You may not realize that insulin resistance affects each organ differently. For example, insulin resistance may be the first step toward the development of hyperlipidemia and cardiovascular disease. Added sugars, especially fructose, may play more of a role than salt in high blood pressure. When certain organs experience insulin resistance, specific diseases may develop. Type 2 diabetes results from the muscles not being able to properly uptake glucose, and if it starts affecting the nerves, that’s when peripheral neuropathies set it. We already mentioned its effect on the liver, which is non-alcoholic fatty liver disease. If it develops in the ovaries there is polycystic ovary syndrome, and insulin resistance by brain cells can lead to brain fog and ultimately Alzheimer’s disease.
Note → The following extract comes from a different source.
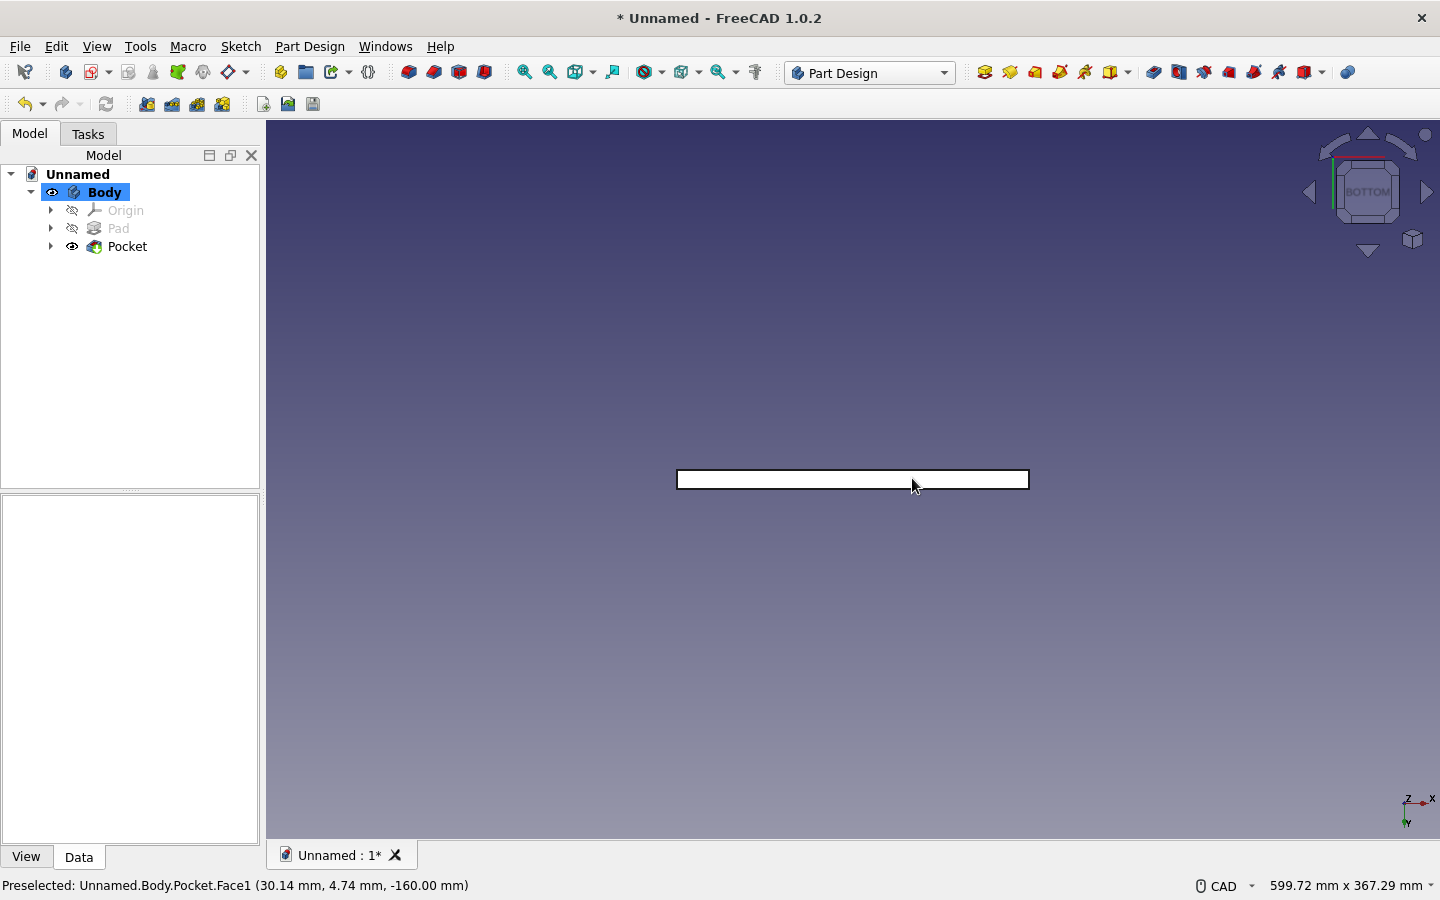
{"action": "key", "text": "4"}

Therefore, we need to limit the fructose-containing foods in our diets in order to minimize our risk. The majority should come from natural sources only, such as fruits, which are typically higher in fructose but also have numerous vitamins, antioxidants, phytochemicals and fiber to help offset the negative effects. Agave syrup has been touted as a better alternative to some sweeteners, but it is very high in fructose content as a result of the processing techniques. Honey is a little better but only in raw form as, once again, processing increases the concentration of fructose. Pure maple syrup in small amounts can be used occasionally and stevia tends to currently be the best option as a sugar replacement. Enjoying healthy sweet foods should be able to be part of a balanced diet, but if you find that you need to get your “sweet fix” more frequently or it leads to making bad food choices, start by eliminating the poor sources of fructose from your diet and have yourself checked for insulin resistance.